In the lawsuit, the pair accused comScore of changing security settings and opening backdoors on end-user systems, stealing information from word processing documents, emails and PDFs, redirecting user traffic, and injecting data collection code into browsers and instant messaging applications.

The lawsuit called comScore's software an intrusive surveillance tool that monitors every keystroke and every action taken by a user on the Internet. The suit charged that the company rifled through the iPod playlists and web browsing histories of smartphone users.

To collect data, comScore's software modifies computer firewall settings, redirects Internet traffic, and can be upgraded and controlled remotely, the complaint alleged. The suit challenged comScore's assertions that it filtered out personal information from data sold to third parties, and of intercepting data it had no business to access.

In a 20-page ruling on Tuesday, District Judge James Holderman of the United States District Court for the Northern District of Illinois granted the two plaintiffs the class action status they had been seeking.

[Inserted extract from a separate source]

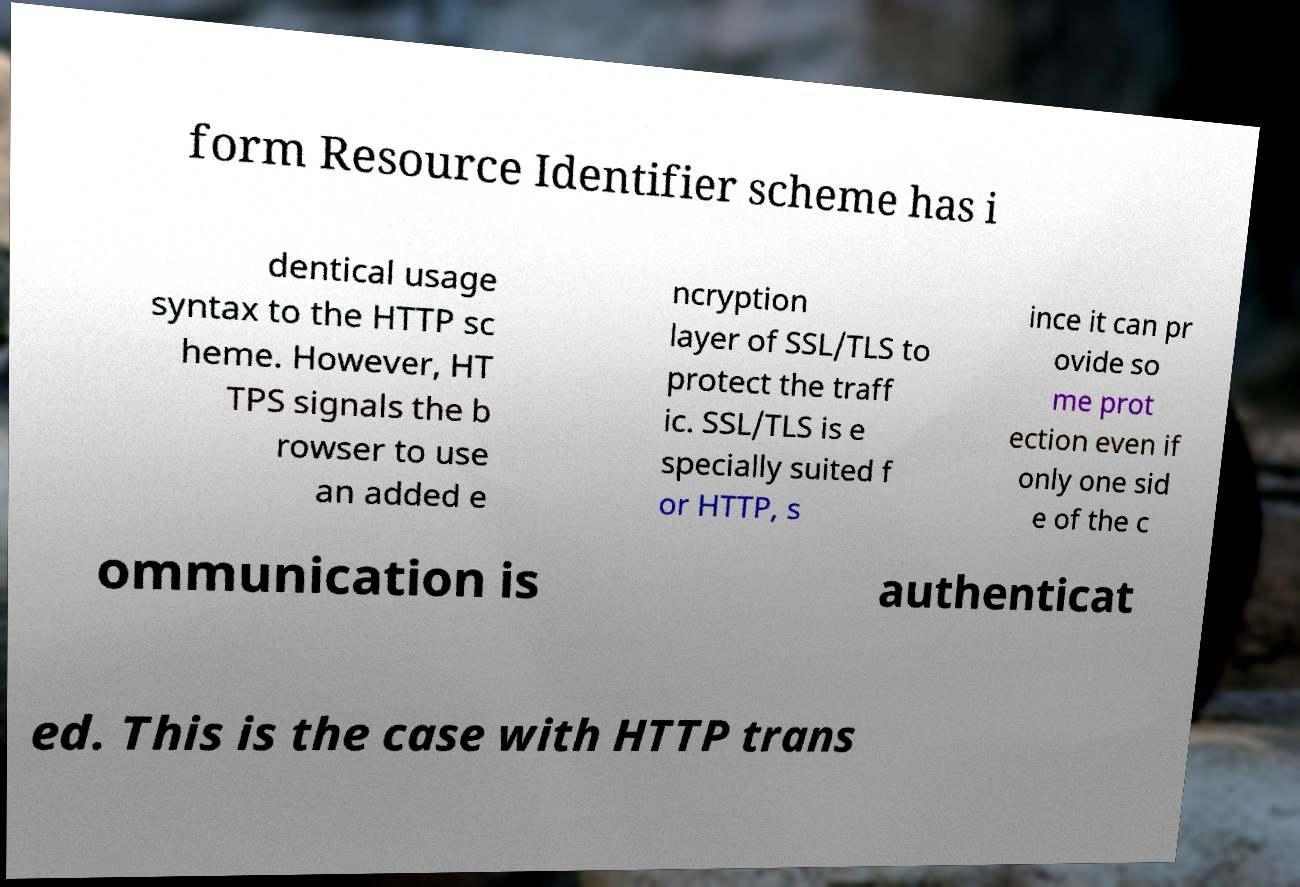There's text embedded in this image that I need extracted. Can you transcribe it verbatim? form Resource Identifier scheme has i dentical usage syntax to the HTTP sc heme. However, HT TPS signals the b rowser to use an added e ncryption layer of SSL/TLS to protect the traff ic. SSL/TLS is e specially suited f or HTTP, s ince it can pr ovide so me prot ection even if only one sid e of the c ommunication is authenticat ed. This is the case with HTTP trans

The ruling means that any individual who downloaded and installed comScore's tracking software on their systems after 2005 now has a claim against the company.

"We sought certification of two classes," said Jay Edelson, the lawyer representing the two named individuals. "The larger class consists of essentially all of the millions of people who downloaded comScore software since 2005. The subclass consists of a subset of the primary class who downloaded comScore software during a specific time frame and but were never provided a functional hyperlink to the user agreement describing how the software worked."

The court granted class certification with regard to all of the primary claims pertaining to violations of the SCA, ECPA and CFAA he said. Under the SCA and ECPA each class member would be entitled to a maximum of $1,000 in statutory damages, he said.

The judge, however, denied class action status for a third claim relating to unjust enrichment against comScore.